The Commitment Box - sealed verdicts, simultaneous reveal

Two witnesses judge the same question. The trap: if the second can see the first before deciding, it can copy it - "they agree!" - and the agreement is worthless, an echo wearing a second face. The fix isn't a Schrödinger box that hides the answer; it's a commitment box: each seals its verdict blind, then both open at once. Sealing makes agreement mean something, because you can't echo what you committed before hearing.
peek -> agreement rises, evidence collapses (manufactured consensus) · commit -> agreement is Bayesian evidence · verified: committed agreement = s²/(s²+(1-s)²), peeked agreement = base rate

The box - seal blind, or let the second peek

Each item has a hidden truth. Two witnesses judge with skill you set. In COMMIT, both seal blind and reveal together. In PEEK, witness B sees A's verdict first - and (with the adversary on) just copies it. Watch the two live traces: P(correct | they agree) - the actual value of consensus - against the base skill line. Under commit it lifts above. Under peek, agreement shoots up while the line drops back to base: more consensus, zero evidence.

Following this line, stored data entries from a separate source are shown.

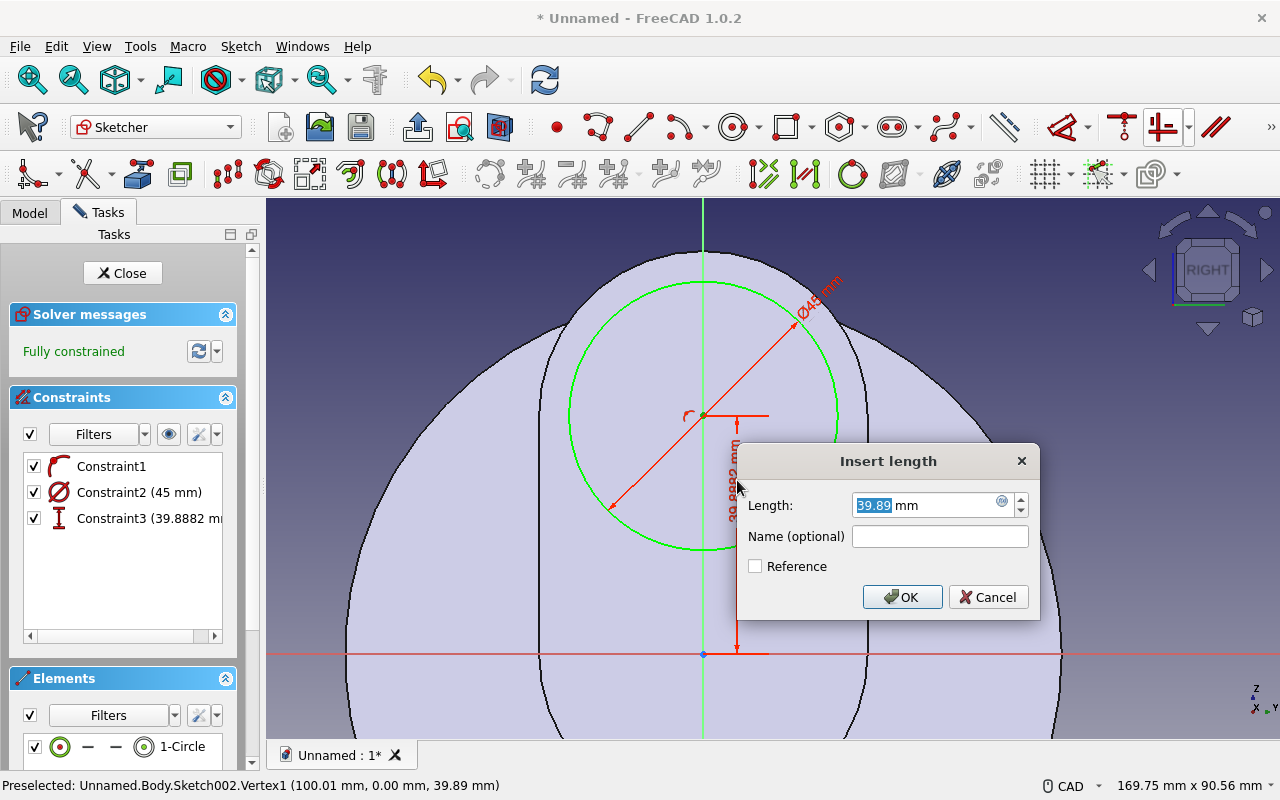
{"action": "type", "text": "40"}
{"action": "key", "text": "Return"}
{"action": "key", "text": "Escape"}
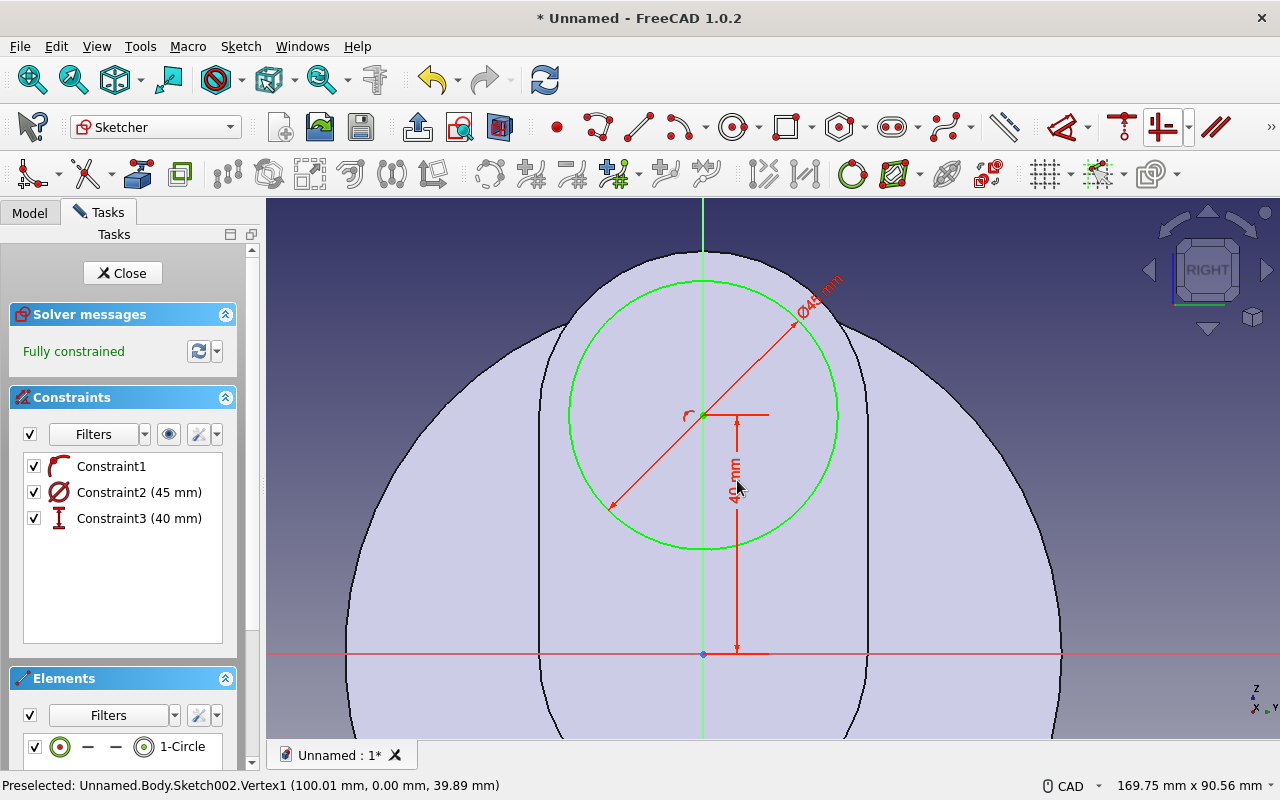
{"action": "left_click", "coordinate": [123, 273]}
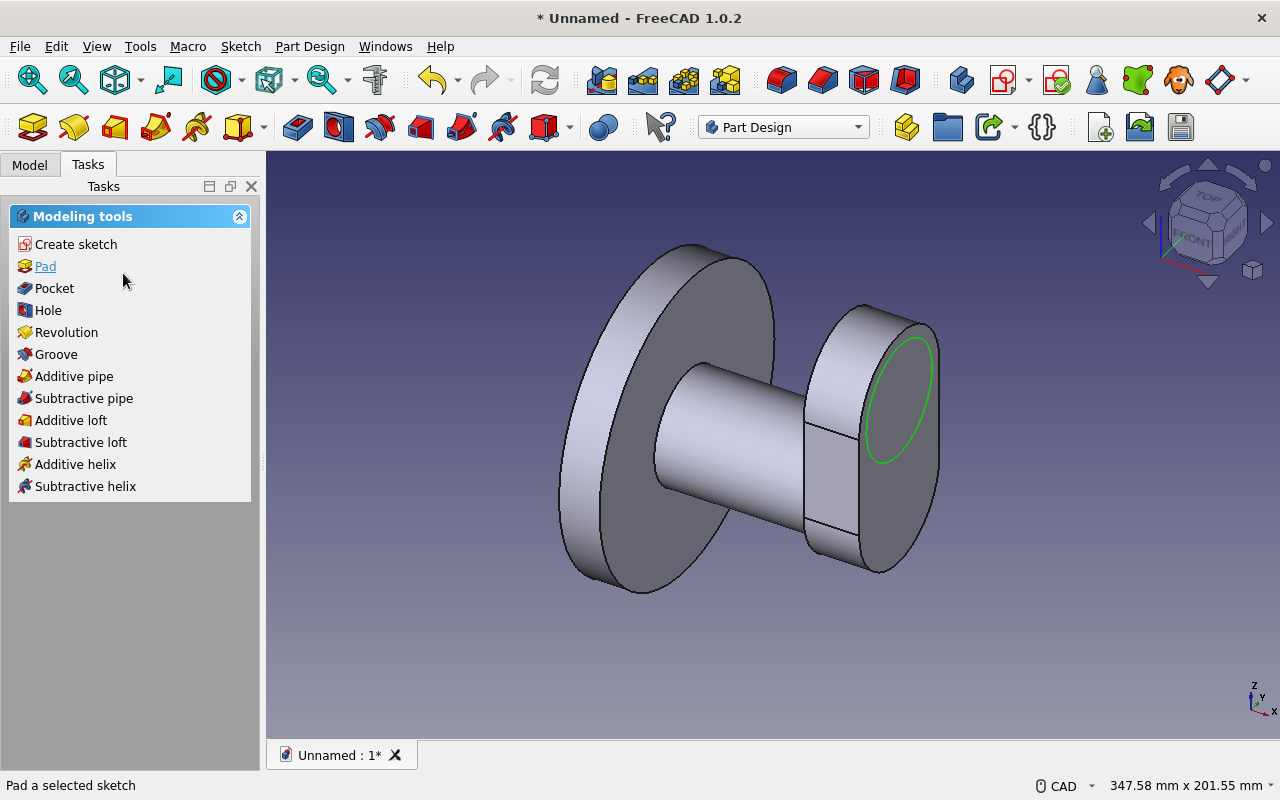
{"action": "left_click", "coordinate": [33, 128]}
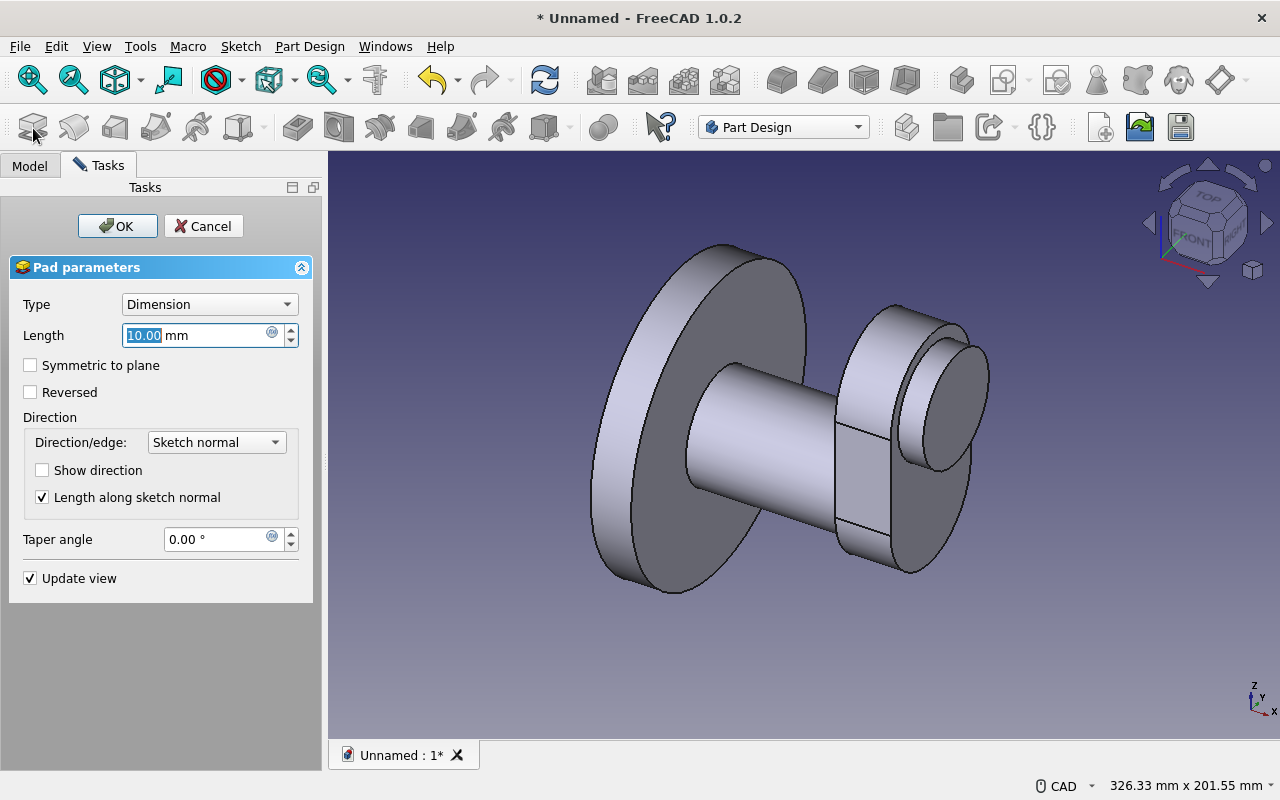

two sealed verdicts opening together · in PEEK, B's eye-beam reads A before sealing
agreement rate · P(correct | agree) · base skill (what one witness alone gives)
--
agreement
--
P(correct|agree)
--
evidential lift
--
wrong admitted
AGREEMENT IS EVIDENCE
Committed and blind: when both independently land on the same answer, it's much more likely right than either alone. Agreement lifts above the base line - real evidence.

Where it stands

Not Schrödinger's box - that hides the answer and launders the disagreement, the exact move the whole series refuses. This is a commitment box: seal blind, reveal together. Real mechanism, real place.

The primitive is old. Commit-then-reveal is textbook cryptography - a locked box that's hiding (you can't peek) and binding (you can't change it after) - the foundation of zero-knowledge proofs, sealed-bid auctions, and coin-flipping by telephone (1981). The reason it works is a known soundness rule: without commitment, a party can choose its answer after seeing the challenge and cheat. That rule, verified here, is exactly why peeking fakes agreement.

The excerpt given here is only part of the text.